Et puis il y avait le jardin. L'herbe, de sa verdeur presque irréelle, s'étalait sous mes pieds nus. C'était une caresse, un murmure de la terre. La brise du matin, fraîche et légère, venait troubler la quiétude de notre toit, glissant par les fenêtres que l'on ouvrait au lever du jour, comme si l'air neuf portait en lui la promesse d'un renouveau quotidien. Les chats, eux, dans leur indifférence majestueuse, miaulaient, appelant un peu d'attention, un peu d'amour, mêlant des miaulements à celle de la pluie qui frappait nos vitres.

Je me souviens de ces bribes de souvenirs. Chaque chose, chaque instant, portait en lui un poids, un sens, que je ne savais alors comprendre. Les jours se succédaient sans que l'on s'en inquiète, et pourtant, chaque soir venait comme une fin, comme un adieu que l'on ne savait pas encore prononcer. Les saisons passaient, et avec elles le cortège de nos joies enfantines, naïves et pures, comme ces rayons de soleil qui traversaient les rideaux, dansant avec la poussière en suspens, et le ballet silencieux de ma mère que j'observais, fascinée par sa simplicité.
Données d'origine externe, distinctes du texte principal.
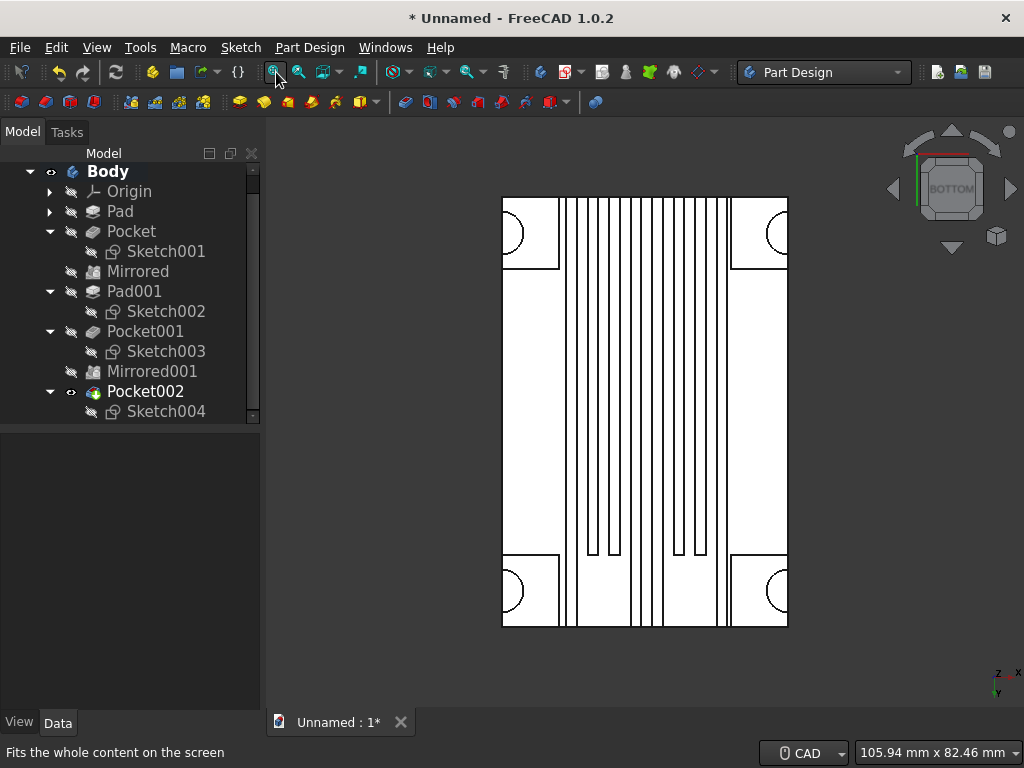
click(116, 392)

Assise dans l'herbe, enveloppés de la tiédeur du jour mourant, nous observions les étoiles qui naissaient une à une, semées dans le velours du ciel. Le murmure du vent dans les arbres berçait nos rêveries, tandis que la lumière de la maison, lointaine, nous appelait doucement, comme une mère qui attendrait le retour de ses enfants partis trop loin. Tout était plus simple, plus pur, comme si chaque chose trouvait naturellement sa place dans l'ordre secret du monde. La vie coulait, sans heurts, et nous la suivions, sans crainte, sans hâte, car l'avenir semblait alors un pays si lointain que nous ne pouvions l'atteindre. Il n'y avait que l'instant, celui qui nous enveloppait, celui qui faisait de nous des rois d'un royaume invisible.

L'hiver, lui aussi, apportait son cortège de souvenirs différents, plus intimes, plus secrets. La neige, que je regardais les larmes aux yeux par la fenêtre, venait poser sur la route son voile de pureté. Les matins, la campagne se drapait de blanc, et nous, émerveillés, contemplions ce paysage devenu féérique. Tout était fait pour retenir le temps, pour prolonger ces instants volés à l'enfance. Les chats, encore eux, roulés en boule près du canapé, semblaient partager avec nous cette douceur inégalée des journées de neige, où le monde entier s'apaisait.

Quelque chose m'échappe. Quelque chose qui appartient désormais à l'éther du souvenir, mais qui continue de vibrer en moi, comme une note que l'on croit avoir oubliée, et qui revient, douce et persistante, au creux du silence. C'était le temps où l'on vivait sans savoir que l'on vivait, où l'on aimait sans savoir que l'on aimait. Dans chaque pas que j'ai laissé derrière moi, il y a une trace, légère mais indélébile, de ces jours où l'enfance, comme une brise d'été, me portait sans que je le sache.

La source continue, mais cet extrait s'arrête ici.